WORK ORDER: Please write the following entries out once more, exactly.

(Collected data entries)

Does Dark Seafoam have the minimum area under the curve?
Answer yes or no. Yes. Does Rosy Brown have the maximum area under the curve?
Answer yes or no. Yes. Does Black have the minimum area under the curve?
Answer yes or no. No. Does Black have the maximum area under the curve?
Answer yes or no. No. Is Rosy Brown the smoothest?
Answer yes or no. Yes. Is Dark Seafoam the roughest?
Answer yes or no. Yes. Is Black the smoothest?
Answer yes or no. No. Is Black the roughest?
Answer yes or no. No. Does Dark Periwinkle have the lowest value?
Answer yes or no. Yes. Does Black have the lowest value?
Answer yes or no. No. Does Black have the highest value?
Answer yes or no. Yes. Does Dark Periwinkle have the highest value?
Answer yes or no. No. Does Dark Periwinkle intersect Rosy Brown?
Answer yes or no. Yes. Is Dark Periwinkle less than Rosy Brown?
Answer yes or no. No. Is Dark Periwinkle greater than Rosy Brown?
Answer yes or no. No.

RESULT OF THIS EXERCISE:
Does Dark Seafoam have the minimum area under the curve?
Answer yes or no. Yes. Does Rosy Brown have the maximum area under the curve?
Answer yes or no. Yes. Does Black have the minimum area under the curve?
Answer yes or no. No. Does Black have the maximum area under the curve?
Answer yes or no. No. Is Rosy Brown the smoothest?
Answer yes or no. Yes. Is Dark Seafoam the roughest?
Answer yes or no. Yes. Is Black the smoothest?
Answer yes or no. No. Is Black the roughest?
Answer yes or no. No. Does Dark Periwinkle have the lowest value?
Answer yes or no. Yes. Does Black have the lowest value?
Answer yes or no. No. Does Black have the highest value?
Answer yes or no. Yes. Does Dark Periwinkle have the highest value?
Answer yes or no. No. Does Dark Periwinkle intersect Rosy Brown?
Answer yes or no. Yes. Is Dark Periwinkle less than Rosy Brown?
Answer yes or no. No. Is Dark Periwinkle greater than Rosy Brown?
Answer yes or no. No.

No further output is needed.